B. Technologies harnessed
The task of scrutinizing the optimal technology products for meeting one’s business requirements turns out to be one of the key strategic areas that need to be reckoned with in the first place. This brings us to our yet another proposition for the nature of technologies consumed by the million-dollar startup company. In this light, there is a total of 6 front-end technologies deployed on its website that include Viewport Meta, IPhone or mobile compatible, and SPF among others. In addition to this, Google Analytics, HTML 5, and Google fonts are some of the technology products that engender the marvel reflected through the mobile app.
Didn’t it stir up curiosity within you that how a startup company became a money-spinner with only a handful of resources? The answer to this is the ability to integrate tech leverage within one’s organization, which conferred the company with the ability to evolve at a faster pace that too with scant resources. Cutting down operational costs on the delivery expenses and replicating them with freebies in the form of loyalty points has offered a shot in the arm to its business processes, is one such instance of leveraging technology.
Had there not been a visible temperament for technology, all the efforts laid out by the company would have been thwarted by those already in the fray.
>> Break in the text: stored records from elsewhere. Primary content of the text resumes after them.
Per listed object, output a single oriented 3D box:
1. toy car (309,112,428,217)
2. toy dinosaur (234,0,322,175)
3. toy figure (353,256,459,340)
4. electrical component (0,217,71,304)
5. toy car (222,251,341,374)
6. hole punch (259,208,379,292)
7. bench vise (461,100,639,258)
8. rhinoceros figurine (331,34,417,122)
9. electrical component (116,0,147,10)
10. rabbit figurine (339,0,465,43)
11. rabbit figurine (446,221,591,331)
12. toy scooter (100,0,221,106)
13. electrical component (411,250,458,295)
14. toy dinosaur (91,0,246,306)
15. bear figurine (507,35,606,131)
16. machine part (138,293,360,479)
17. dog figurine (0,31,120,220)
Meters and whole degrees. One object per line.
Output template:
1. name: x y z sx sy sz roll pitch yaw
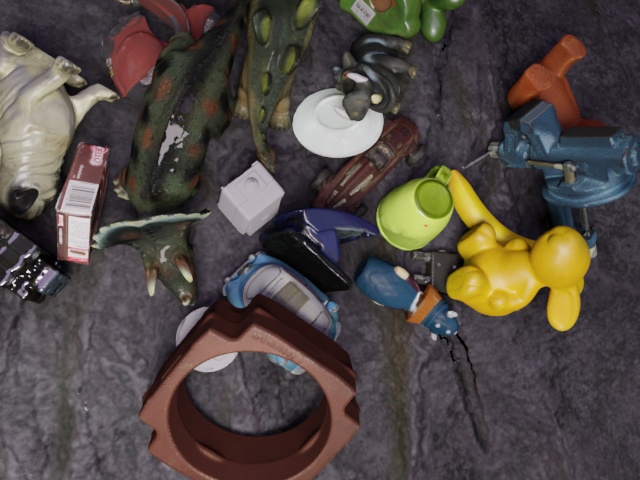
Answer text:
1. toy car: 0.070 -0.104 0.765 0.089 0.053 0.202 47 70 -2
2. toy dinosaur: -0.045 -0.316 0.711 0.105 0.198 0.471 7 77 -15
3. toy figure: 0.121 0.076 0.726 0.154 0.064 0.058 31 63 -4
4. electrical component: -0.349 0.015 0.601 0.134 0.115 0.058 37 76 -4
5. toy car: -0.041 0.084 0.666 0.109 0.103 0.161 -42 91 -20
6. hole punch: -0.001 -0.002 0.684 0.115 0.142 0.092 40 72 -16
7. bench vise: 0.350 -0.077 0.779 0.129 0.224 0.240 -45 123 -35
8. rhinoceros figurine: 0.072 -0.231 0.749 0.112 0.073 0.190 21 45 -9
9. electrical component: -0.275 -0.372 0.752 0.102 0.045 0.078 32 44 -7
10. rabbit figurine: 0.143 -0.387 0.819 0.159 0.121 0.170 40 56 5
11. rabbit figurine: 0.277 0.047 0.705 0.162 0.173 0.122 43 49 -9
12. toy scooter: -0.224 -0.275 0.713 0.135 0.075 0.184 47 69 -17
13. electrical component: 0.174 0.045 0.768 0.094 0.021 0.063 9 74 -11
14. toy dinosaur: -0.157 -0.124 0.612 0.131 0.192 0.404 13 101 -21
15. bear figurine: 0.384 -0.186 0.822 0.120 0.132 0.196 -38 82 -14
16. machine part: -0.074 0.175 0.593 0.201 0.087 0.201 36 105 -12
17. dog figurine: -0.365 -0.137 0.652 0.173 0.121 0.190 29 88 29

Hence, technology stood no less than a magic wand for the startup which, unlike others who were taming it as a mere object of a gimmick, crafted its predefined segment of the marketplace that would turn out to be a fertile ground for the company. What transpires at the core of Snackpass’s success is its maneuverability with technology claiming technology as the new hero of the present day.
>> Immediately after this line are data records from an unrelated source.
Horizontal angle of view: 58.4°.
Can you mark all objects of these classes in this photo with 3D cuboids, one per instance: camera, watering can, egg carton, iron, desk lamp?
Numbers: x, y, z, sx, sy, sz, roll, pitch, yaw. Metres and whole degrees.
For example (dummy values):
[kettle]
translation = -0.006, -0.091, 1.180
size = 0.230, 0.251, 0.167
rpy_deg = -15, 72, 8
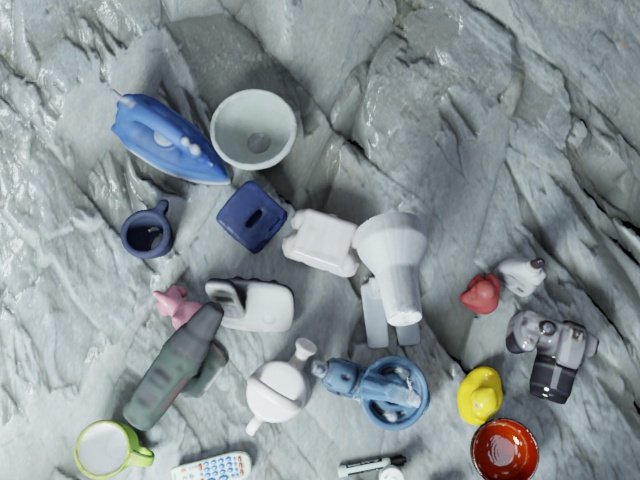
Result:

C. Early Investors and Marketing Strategy
The outpouring of investors’ faith in an early startup is an indicator of its success and widespread appeal to the target consumers of service. Hence, it didn’t come as a surprise when big stalwarts such as Uber, Square, and Dropbox forayed into realizing the exponential growth of the startup. In this light, investors played a pivotal role in crowdfunding capital to the score of 2 $million for enabling expansion of business to new campuses outside San Francisco. It brings us to yet another question, what worked well in favoring the marketing efforts of the company?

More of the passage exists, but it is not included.